Hal saw a jagged rock at water's edge, used it to saw the painter away.
That was good. With luck, the boat's owner would find the end of his moorings unraveled, and curse his carelessness, never thinking of a thief.
Especially not a dragon-riding thief.
Hal went back into the water, and slowly eased the boat off the bank.
It floated free.
Hal looked around for any guards, sentries, afoot or on the walls, saw none.
Perhaps they had magic wards set.
He shuddered, preferring the thought that they were just careless.
The current was pulling at the boat, and Hal let it take the craft, staying in the water and holding on to the stern.
There were no shouts, outcries, but he waited until the village was round a bend before he clambered aboard.
The boat rocked, and Hal almost went overboard. It would be just his luck to lose the boat and drown now.
But he didn't.
The boat was traveling smoothly downstream.
Hal could relax for a moment, and in that moment he realized there was a chill wind coming upriver.
He had no time to be cold.
He went to the forward locker, opened it.
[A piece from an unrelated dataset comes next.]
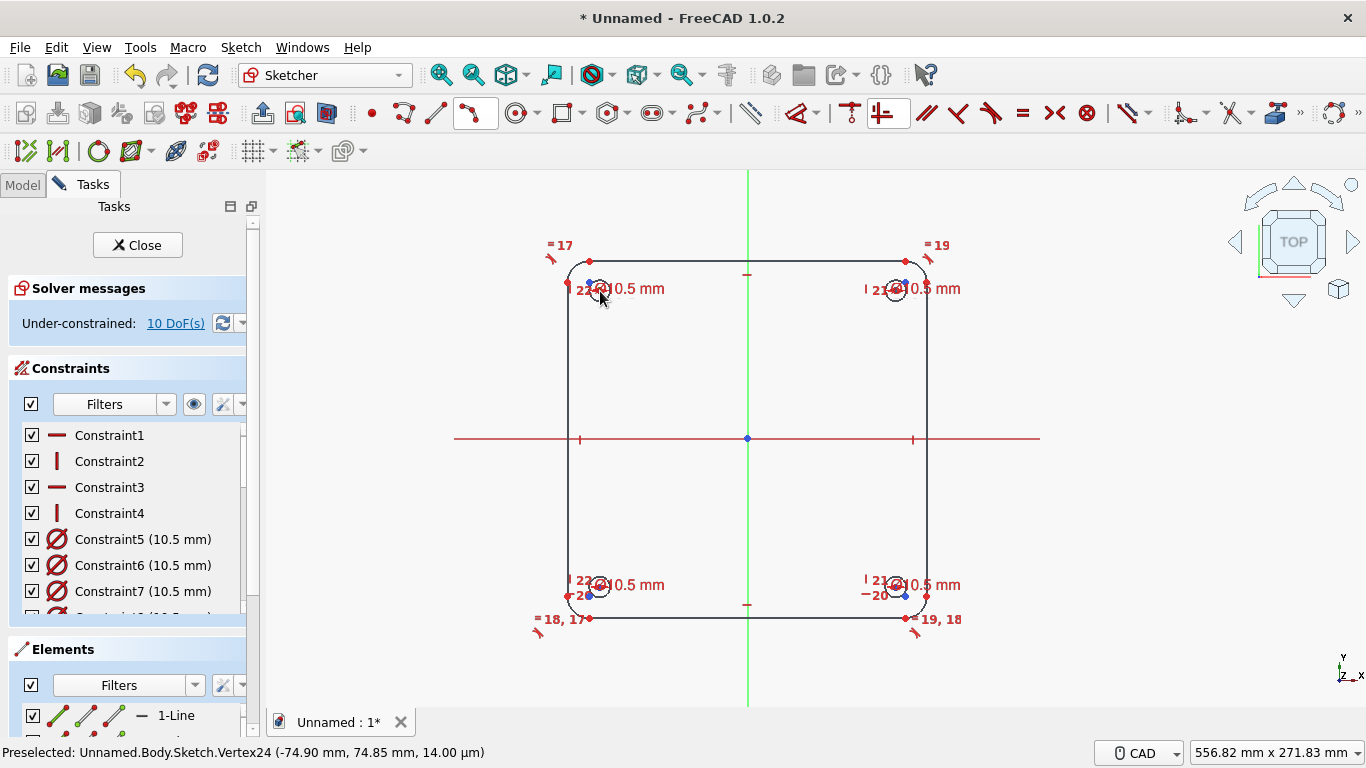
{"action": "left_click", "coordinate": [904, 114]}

There were some net floats, some bits of wood, rope, oakum for leaks, fishing lines, and the great discovery—a long, sharp, fish knife.
Hal, armed, felt quite cheerful.
Now, for that sail.
He stepped the mast, and unfurled the sail.
At that point, his luck ran out. The sail hadn't been raised in too long a time, and was mildewed, rotting. It tore apart at the first gust of wind.
Probably just as well, at least for the moment, since Hal hadn't the slightest idea of how to tack back and forth in a river.
He found and mounted the rudder, and let the river take him.
Hal passed the third village at midnight, and there were no lights or other signs of life.
* * * *
Something loomed, rushing up at him. Hal thought he was being attacked by some kind of river monster, readied his knife.